Pupils’ views of what they regard as great teaching change radically during the course of their school careers, according to a new large-scale study.
The qualities that they say are expected and needed from their teachers shifts from warmth and humour in the primary years to exam expertise and organisational ability later on, a survey of 11,902 pupils by The Girls’ Day School Trust has found.
The research by the chain of 26 girls’ schools revealed that during primary school and the early years of key stage 3, its pupils tended to value a teacher’s personal qualities, such as patience, willingness to listen and kindness.

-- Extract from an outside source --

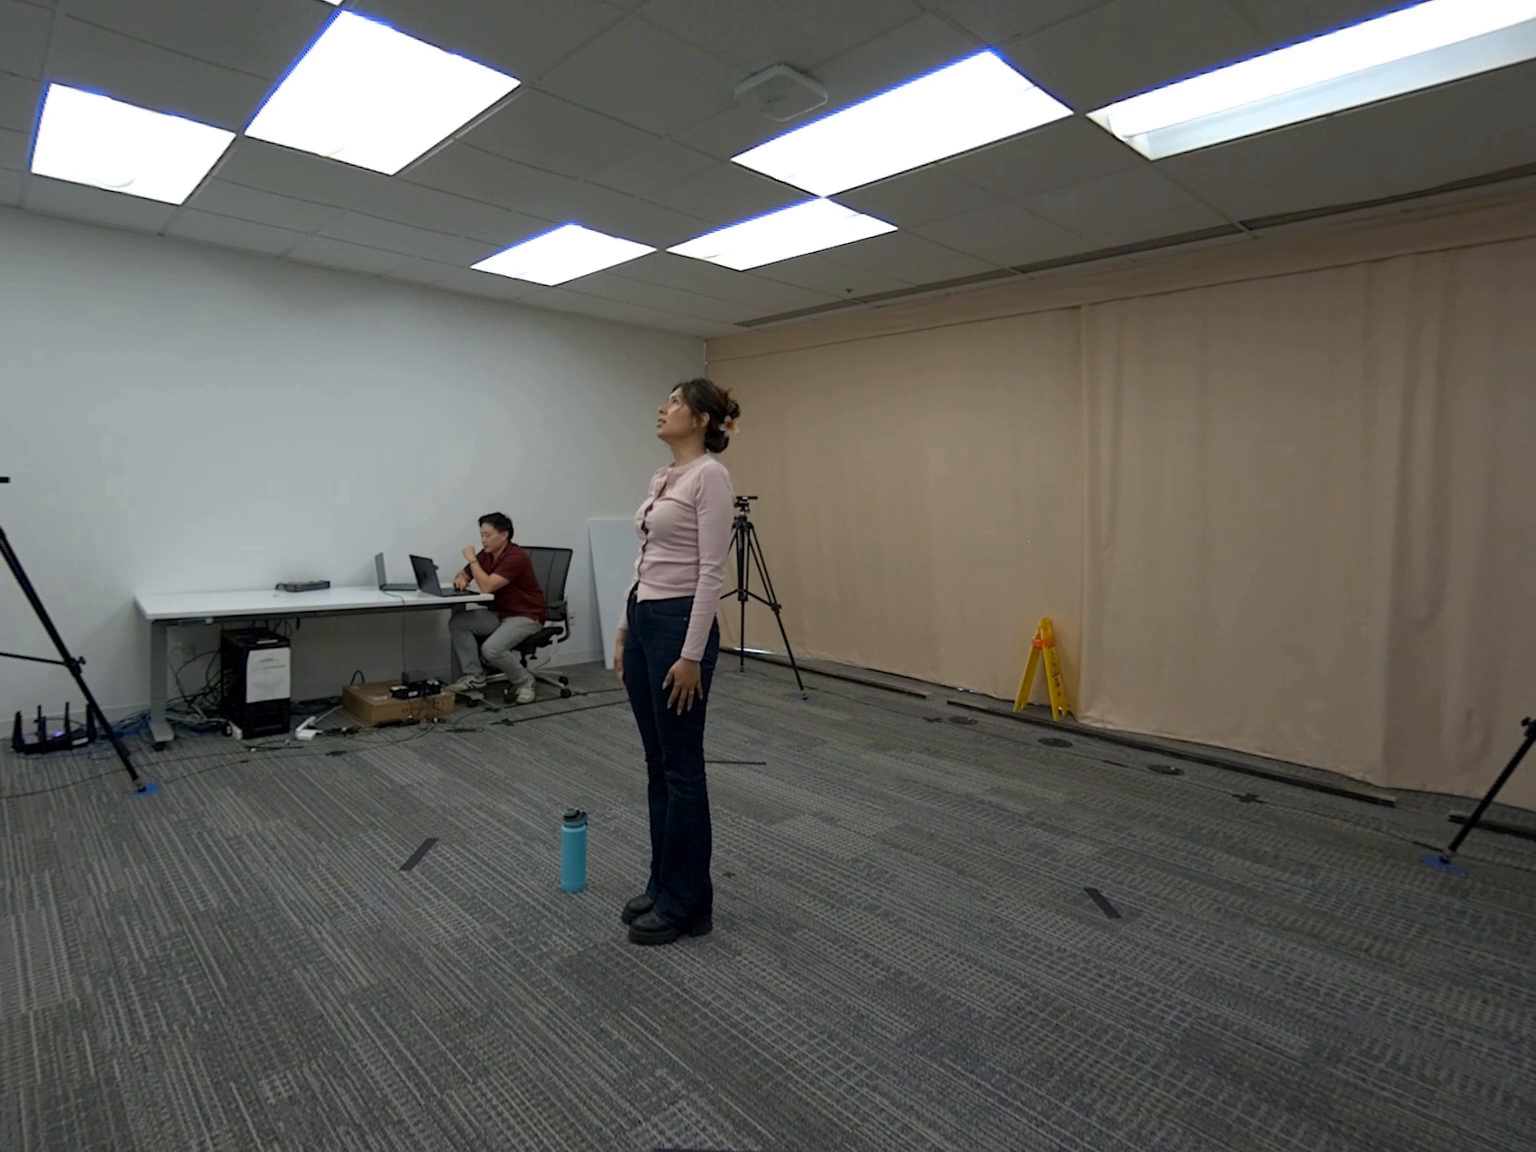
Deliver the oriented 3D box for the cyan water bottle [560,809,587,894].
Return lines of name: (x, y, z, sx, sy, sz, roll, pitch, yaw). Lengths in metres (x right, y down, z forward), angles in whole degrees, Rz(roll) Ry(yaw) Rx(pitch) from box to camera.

“They respond well to teachers who challenge them and who communicate well,” an analysis of the preliminary findings said. “Creativity is highly prized.”
‘A means to an end’
As pupils hit Year 9 and exams rear into view, though, the trust found that what pupils value in teachers gradually narrows, becoming much more “a means to an end”.
Responses that referred to the importance of students being given “independence”, “freedom” or “challenge” by their teachers fell to their lowest levels in Years 10 and 11. Key stage 4 students were nearly a third less likely to identify these as key attributes of a great teacher than those in key stages 3 or 5.
Year 10 and 11 students were also five times more likely to refer to qualities such as “gives good notes” and “understands the pressures we are under”.
They also valued staff who make close reference to the syllabus, and provide quick feedback and marking.
The analysis refers to these as “toolbox” qualities. This also includes allowing questions, and the ability to control a class and to structure lessons well.
The proportion of students who consider a teacher being “well organised” to be more important than a teacher being “patient and sensitive” increased from 49 per cent in key stage 3 to 56 per cent in key stage 4. After GCSE, the survey revealed, pupils entering the sixth form tended to put a renewed value on teachers who knew their subject well and could inspire them, the analysis said.
Kevin Stannard, head of innovation and learning at GDST, explained that the change in pupils’ expectations of their teachers took place gradually during secondary school.
“Students in key stage 3 tend to carry with them, from the later primary years, an appreciation of teachers who challenge them and give them scope to make choices and be independent,” he said.
“This happens again in the sixth form, with an additional focus on teaching that enthuses and inspires. But there appears to be a change of focus in Years 10 and 11.”
He said the shift was already noticeable by the end of key stage 3: “You get the sense by Year 9 that pupils have a more instrumentalist approach to what they want from teaching.
“They are adapting their definition. Pupils develop a rational response to the system and they really appreciate the teachers who get the pressure they are under, who give them the resources they need.”
The trust’s analysis concludes: “The stand-out difference is represented by the influence of the battery of external exams at age 16.”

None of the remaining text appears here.